La Pm Alessia Menegazzo ha chiesto al giudice di condannare Giovanni Sgroi, medico ed ex sindaco di Rivolta d'Adda, a tre anni e sei mesi di reclusione per il reato di violenza sessuale. Lo ha fatto oggi pomeriggio nel tribunale di Milano, dove c'è stata la penultima udienza del processo che vede il medico alla sbarra. Diversa l'opinione del suo difensore, l'avvocato Domenico Chindamo il quale ha chiesto al magistrato di giudicare il suo assistito per un reato di minore, pur nella fattispecie della violenza sessuale. Come tale, Sgroi, in caso di condanna, si vedrebbe ridotta la pena di un terzo.

Durante il dibattimento si è parlato delle denunce avanzate da cinque pazienti e che hanno portato Sgroi agli arresti domiciliari, dove è confinato da 13 mesi. Secondo quanto appreso in aula, in un caso non si è trattato di violenza sessuale, mentre negli altri casi il reato sussiste. Secondo la Pm Menegazzo, il medico ha approfittato della sua posizione ed è da considerarsi colpevole.
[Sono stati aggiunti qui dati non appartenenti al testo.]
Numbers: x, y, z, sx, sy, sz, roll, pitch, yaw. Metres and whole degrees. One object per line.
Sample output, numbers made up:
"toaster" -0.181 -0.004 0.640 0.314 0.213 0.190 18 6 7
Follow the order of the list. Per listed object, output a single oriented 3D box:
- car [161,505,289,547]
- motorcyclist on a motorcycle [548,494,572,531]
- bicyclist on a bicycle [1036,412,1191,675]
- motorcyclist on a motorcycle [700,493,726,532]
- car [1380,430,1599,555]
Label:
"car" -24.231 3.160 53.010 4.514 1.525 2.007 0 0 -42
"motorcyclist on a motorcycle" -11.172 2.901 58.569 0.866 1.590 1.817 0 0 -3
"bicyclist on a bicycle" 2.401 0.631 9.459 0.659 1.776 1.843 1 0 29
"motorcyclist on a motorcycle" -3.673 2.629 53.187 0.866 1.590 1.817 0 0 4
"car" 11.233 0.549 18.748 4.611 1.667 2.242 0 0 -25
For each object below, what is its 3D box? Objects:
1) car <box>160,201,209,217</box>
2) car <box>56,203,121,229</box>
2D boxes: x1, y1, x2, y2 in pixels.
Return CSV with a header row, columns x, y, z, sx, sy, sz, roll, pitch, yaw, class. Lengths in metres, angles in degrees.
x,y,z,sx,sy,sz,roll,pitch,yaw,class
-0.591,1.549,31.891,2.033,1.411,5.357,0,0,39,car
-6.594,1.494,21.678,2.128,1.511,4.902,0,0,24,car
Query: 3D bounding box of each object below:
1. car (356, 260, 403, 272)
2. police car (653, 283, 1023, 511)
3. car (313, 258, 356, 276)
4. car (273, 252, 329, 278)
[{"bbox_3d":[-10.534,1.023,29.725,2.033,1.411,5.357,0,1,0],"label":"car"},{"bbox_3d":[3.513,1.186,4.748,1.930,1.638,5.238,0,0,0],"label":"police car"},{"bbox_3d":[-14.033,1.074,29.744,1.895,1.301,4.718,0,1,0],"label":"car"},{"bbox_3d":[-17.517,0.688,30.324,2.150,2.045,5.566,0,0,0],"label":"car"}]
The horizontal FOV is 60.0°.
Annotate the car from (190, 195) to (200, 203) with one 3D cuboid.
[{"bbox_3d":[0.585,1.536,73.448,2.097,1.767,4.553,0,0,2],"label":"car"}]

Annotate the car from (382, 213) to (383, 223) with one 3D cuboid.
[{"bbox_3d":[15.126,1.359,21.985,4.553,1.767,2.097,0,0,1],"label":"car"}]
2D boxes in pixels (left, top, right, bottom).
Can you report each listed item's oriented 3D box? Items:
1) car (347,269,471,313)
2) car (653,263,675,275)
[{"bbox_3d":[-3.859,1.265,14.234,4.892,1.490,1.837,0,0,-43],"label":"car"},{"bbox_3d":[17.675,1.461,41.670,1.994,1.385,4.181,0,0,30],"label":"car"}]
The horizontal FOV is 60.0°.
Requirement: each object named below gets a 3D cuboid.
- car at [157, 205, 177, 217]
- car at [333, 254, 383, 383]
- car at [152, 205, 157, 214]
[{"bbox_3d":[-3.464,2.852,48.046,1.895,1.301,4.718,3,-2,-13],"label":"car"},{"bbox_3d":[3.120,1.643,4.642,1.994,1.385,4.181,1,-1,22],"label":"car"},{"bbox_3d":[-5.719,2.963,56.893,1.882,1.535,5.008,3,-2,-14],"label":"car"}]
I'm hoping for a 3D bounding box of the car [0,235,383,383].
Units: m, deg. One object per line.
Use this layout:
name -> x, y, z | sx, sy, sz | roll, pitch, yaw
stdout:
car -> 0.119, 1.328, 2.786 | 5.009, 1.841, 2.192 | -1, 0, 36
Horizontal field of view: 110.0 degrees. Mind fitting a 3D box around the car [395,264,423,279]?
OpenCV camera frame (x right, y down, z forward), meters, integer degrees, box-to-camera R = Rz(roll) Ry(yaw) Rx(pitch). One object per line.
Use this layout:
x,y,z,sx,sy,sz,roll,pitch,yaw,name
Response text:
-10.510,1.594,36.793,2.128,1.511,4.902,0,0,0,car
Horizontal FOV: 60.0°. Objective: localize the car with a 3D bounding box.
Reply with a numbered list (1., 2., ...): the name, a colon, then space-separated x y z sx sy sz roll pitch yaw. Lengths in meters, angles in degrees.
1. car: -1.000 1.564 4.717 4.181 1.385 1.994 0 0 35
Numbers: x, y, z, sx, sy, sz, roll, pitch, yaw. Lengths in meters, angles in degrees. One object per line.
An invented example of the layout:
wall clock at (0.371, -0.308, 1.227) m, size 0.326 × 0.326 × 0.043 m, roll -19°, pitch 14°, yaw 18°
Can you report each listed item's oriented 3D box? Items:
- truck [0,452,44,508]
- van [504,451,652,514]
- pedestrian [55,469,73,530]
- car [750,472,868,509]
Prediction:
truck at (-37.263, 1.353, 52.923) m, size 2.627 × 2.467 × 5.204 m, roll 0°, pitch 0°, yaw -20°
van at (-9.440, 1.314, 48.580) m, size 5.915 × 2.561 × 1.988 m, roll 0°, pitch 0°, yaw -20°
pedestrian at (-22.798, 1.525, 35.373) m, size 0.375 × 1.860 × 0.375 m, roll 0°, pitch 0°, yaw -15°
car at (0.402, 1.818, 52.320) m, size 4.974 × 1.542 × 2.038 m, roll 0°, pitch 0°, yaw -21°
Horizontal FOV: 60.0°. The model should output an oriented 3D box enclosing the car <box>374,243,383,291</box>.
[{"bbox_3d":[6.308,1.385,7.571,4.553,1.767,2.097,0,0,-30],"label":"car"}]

Di qui la richiesta della condanna.

C'è da dire che se il giudice accoglierà le richieste della Pm, Sgroi potrebbe venire liberato a breve. Infatti, avendo già scontato 13 mesi agli arresti domiciliari, il residuo andrebbe sotto la soglia dei tre anni e l'avvocato potrebbe chiedere la liberazione del suo assistito e l'affidamento in prova.

Ricordiamo che le cinque denuncianti sono state risarcite e hanno rinunciato a presentarsi parte civile.

Sentita la requisitoria della pubblico ministero e l'arringa del difensore Domenico Chindamo, il giudice ha rinviato all'udienza dell'8 di luglio durante la quale Pm e avvocato potranno replicare e poi il magistrato emetterà la sentenza.